* [Work instructions] Your job is to transcribe all the records that follow, excluding any pictures.

[[ Material to process open ]]

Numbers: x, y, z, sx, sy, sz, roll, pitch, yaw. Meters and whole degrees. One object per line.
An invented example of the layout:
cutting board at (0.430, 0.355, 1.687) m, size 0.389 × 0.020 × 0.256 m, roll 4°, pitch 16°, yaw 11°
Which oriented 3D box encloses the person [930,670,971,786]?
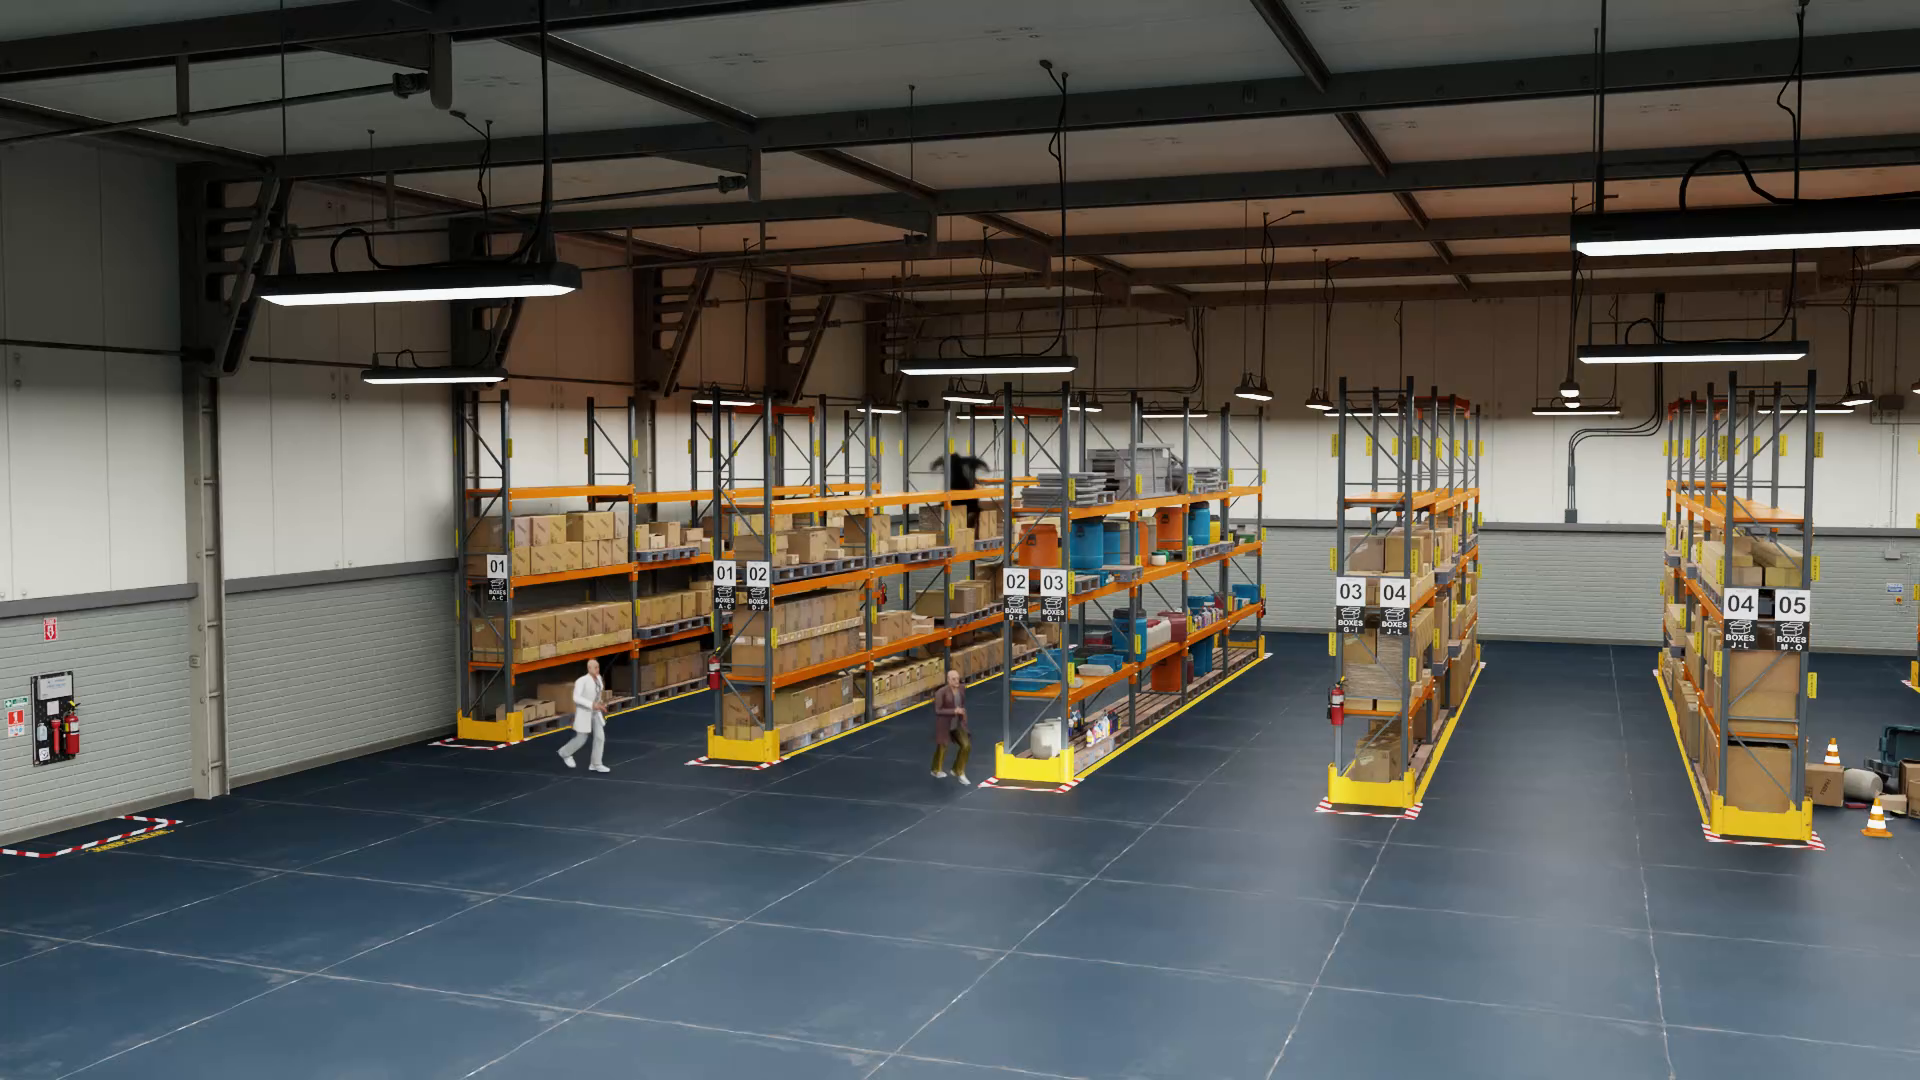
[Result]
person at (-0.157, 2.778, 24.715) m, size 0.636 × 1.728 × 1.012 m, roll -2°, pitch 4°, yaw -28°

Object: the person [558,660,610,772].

[[ Material to process closed ]]

* [Answer to this problem]
Numbers: x, y, z, sx, sy, sz, roll, pitch, yaw. Meters and whole degrees. One object per line.
An invented example of the layout:
cutting board at (0.430, 0.355, 1.687) m, size 0.389 × 0.020 × 0.256 m, roll 4°, pitch 16°, yaw 11°
Which oriented 3D box encloses the person [930,670,971,786]?
[Result]
person at (-0.157, 2.778, 24.715) m, size 0.636 × 1.728 × 1.012 m, roll -2°, pitch 4°, yaw -28°

Object: the person [558,660,610,772].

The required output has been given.